## TRY IT
Scan the material below and copy every line holding the word "flat".

## SOURCE MATERIAL

□ □ □ □

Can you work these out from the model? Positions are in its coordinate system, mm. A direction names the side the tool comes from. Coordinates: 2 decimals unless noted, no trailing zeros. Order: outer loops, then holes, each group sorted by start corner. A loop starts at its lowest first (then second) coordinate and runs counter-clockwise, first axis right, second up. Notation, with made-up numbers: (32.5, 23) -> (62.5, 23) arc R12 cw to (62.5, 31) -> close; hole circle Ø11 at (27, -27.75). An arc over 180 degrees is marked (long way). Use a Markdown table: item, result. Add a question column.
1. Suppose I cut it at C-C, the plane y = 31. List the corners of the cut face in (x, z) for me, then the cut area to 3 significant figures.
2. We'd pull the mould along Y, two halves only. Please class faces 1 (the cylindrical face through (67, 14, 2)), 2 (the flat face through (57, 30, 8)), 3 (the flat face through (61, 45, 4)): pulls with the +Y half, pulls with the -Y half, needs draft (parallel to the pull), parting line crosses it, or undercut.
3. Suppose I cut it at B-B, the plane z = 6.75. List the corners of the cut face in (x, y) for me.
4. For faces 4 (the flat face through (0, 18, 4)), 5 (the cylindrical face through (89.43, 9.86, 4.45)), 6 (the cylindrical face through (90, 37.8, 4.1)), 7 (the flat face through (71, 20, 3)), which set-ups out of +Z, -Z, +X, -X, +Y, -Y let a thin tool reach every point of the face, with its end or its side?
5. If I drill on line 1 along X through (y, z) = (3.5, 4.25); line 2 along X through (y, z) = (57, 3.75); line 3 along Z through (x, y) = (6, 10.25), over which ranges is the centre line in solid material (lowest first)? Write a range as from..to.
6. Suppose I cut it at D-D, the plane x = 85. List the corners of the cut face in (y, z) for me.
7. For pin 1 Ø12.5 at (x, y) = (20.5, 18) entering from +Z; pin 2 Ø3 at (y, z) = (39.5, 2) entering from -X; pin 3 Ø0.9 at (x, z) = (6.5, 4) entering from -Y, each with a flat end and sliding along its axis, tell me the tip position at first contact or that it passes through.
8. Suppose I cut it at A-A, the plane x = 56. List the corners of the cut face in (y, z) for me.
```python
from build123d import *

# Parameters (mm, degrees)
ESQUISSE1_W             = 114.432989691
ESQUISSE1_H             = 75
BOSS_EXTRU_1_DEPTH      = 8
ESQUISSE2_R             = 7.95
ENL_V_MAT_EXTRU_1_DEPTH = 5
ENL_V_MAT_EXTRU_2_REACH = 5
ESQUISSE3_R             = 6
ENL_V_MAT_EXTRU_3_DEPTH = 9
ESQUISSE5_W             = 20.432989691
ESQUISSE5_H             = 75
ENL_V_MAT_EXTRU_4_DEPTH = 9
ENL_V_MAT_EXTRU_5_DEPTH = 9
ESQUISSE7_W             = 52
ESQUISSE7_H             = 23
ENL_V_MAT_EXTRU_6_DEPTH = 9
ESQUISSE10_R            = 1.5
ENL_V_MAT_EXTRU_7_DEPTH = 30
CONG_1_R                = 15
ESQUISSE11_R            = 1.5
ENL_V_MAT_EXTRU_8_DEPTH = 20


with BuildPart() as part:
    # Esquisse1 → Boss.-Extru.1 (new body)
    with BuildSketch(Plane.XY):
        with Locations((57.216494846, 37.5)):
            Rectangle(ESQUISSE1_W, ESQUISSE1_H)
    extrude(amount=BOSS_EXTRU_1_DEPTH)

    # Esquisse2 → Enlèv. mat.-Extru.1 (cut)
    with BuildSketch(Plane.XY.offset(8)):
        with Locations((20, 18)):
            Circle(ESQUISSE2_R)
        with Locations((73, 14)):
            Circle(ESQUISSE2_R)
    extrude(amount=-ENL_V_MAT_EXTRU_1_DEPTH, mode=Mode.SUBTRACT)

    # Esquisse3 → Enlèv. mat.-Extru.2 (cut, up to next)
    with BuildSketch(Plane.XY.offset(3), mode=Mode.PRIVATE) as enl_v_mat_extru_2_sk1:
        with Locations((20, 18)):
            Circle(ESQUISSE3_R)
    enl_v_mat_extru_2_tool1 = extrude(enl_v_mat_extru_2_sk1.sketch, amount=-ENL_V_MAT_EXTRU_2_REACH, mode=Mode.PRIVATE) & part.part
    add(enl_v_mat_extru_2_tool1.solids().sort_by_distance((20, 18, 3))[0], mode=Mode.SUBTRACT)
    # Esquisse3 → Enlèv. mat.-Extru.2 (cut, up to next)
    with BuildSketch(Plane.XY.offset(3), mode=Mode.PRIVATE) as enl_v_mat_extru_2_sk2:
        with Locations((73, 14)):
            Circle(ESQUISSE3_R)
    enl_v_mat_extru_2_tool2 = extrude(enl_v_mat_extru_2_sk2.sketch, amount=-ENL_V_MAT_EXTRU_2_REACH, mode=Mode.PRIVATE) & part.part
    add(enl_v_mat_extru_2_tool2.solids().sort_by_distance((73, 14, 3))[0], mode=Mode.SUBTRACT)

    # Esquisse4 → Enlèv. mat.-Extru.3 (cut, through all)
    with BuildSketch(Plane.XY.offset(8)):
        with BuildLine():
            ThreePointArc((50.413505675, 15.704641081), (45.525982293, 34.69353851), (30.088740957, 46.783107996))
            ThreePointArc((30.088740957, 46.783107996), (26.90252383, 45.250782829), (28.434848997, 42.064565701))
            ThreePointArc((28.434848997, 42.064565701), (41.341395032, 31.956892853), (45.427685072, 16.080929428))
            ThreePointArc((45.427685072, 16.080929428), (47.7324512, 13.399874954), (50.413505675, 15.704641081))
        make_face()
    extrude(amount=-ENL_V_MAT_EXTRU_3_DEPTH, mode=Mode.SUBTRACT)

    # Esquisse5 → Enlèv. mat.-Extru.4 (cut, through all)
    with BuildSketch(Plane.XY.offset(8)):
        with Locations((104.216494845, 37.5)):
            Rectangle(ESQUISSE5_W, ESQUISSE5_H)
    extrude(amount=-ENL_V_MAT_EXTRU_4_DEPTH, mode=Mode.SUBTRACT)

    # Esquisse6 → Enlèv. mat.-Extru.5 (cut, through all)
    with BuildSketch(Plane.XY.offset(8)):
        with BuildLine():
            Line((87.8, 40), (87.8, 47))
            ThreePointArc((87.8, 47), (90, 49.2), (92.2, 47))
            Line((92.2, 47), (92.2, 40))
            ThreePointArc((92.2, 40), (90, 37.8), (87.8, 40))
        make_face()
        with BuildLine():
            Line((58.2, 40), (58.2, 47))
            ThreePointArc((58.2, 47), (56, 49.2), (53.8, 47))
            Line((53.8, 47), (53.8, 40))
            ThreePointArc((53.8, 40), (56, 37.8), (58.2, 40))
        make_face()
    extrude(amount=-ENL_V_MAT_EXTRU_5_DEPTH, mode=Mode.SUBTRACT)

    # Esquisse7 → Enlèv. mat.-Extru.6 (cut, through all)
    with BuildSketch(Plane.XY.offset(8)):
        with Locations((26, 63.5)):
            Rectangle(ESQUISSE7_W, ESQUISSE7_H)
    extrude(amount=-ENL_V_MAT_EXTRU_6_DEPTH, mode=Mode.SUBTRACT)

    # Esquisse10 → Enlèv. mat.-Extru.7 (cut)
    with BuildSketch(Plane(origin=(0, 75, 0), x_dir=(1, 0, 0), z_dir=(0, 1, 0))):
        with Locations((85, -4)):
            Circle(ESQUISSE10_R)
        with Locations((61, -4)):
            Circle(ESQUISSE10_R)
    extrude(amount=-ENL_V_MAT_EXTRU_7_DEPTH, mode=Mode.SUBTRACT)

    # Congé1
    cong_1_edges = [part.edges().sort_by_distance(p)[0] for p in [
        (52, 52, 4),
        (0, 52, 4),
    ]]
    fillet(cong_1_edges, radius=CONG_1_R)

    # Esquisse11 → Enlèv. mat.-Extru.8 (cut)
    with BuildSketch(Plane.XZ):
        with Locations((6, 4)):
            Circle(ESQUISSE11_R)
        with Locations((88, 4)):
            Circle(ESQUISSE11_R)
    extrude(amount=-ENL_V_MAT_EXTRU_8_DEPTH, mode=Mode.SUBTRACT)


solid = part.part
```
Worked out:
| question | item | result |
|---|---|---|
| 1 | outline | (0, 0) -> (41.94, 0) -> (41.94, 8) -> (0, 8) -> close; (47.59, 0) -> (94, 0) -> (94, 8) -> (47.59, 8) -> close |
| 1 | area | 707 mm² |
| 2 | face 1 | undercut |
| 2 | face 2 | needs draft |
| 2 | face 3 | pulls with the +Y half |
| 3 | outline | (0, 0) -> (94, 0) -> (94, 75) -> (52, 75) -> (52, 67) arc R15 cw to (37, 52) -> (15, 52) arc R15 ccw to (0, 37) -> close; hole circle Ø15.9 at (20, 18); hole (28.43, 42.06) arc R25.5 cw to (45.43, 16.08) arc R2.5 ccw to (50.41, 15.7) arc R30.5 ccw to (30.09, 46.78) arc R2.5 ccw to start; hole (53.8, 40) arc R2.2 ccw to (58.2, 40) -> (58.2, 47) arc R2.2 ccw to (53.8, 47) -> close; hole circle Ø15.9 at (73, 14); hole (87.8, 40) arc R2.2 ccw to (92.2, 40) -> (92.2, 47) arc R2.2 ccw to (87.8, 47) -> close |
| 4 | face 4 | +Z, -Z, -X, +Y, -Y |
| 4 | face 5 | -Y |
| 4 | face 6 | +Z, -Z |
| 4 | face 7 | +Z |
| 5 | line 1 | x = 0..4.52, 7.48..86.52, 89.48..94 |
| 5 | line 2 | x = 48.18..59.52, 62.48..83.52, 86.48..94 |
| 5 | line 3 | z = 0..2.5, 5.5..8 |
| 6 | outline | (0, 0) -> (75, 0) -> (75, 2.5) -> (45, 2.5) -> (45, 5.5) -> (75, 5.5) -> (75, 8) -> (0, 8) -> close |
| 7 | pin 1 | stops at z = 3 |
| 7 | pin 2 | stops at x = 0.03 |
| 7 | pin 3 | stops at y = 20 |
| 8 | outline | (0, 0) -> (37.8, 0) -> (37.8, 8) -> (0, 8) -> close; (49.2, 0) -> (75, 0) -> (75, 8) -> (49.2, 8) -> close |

□ □ □ □

## RESPONSE
2. We'd pull the mould along Y, two halves only. Please class faces 1 (the cylindrical face through (67, 14, 2)), 2 (the flat face through (57, 30, 8)), 3 (the flat face through (61, 45, 4)): pulls with the +Y half, pulls with the -Y half, needs draft (parallel to the pull), parting line crosses it, or undercut.
4. For faces 4 (the flat face through (0, 18, 4)), 5 (the cylindrical face through (89.43, 9.86, 4.45)), 6 (the cylindrical face through (90, 37.8, 4.1)), 7 (the flat face through (71, 20, 3)), which set-ups out of +Z, -Z, +X, -X, +Y, -Y let a thin tool reach every point of the face, with its end or its side?
7. For pin 1 Ø12.5 at (x, y) = (20.5, 18) entering from +Z; pin 2 Ø3 at (y, z) = (39.5, 2) entering from -X; pin 3 Ø0.9 at (x, z) = (6.5, 4) entering from -Y, each with a flat end and sliding along its axis, tell me the tip position at first contact or that it passes through.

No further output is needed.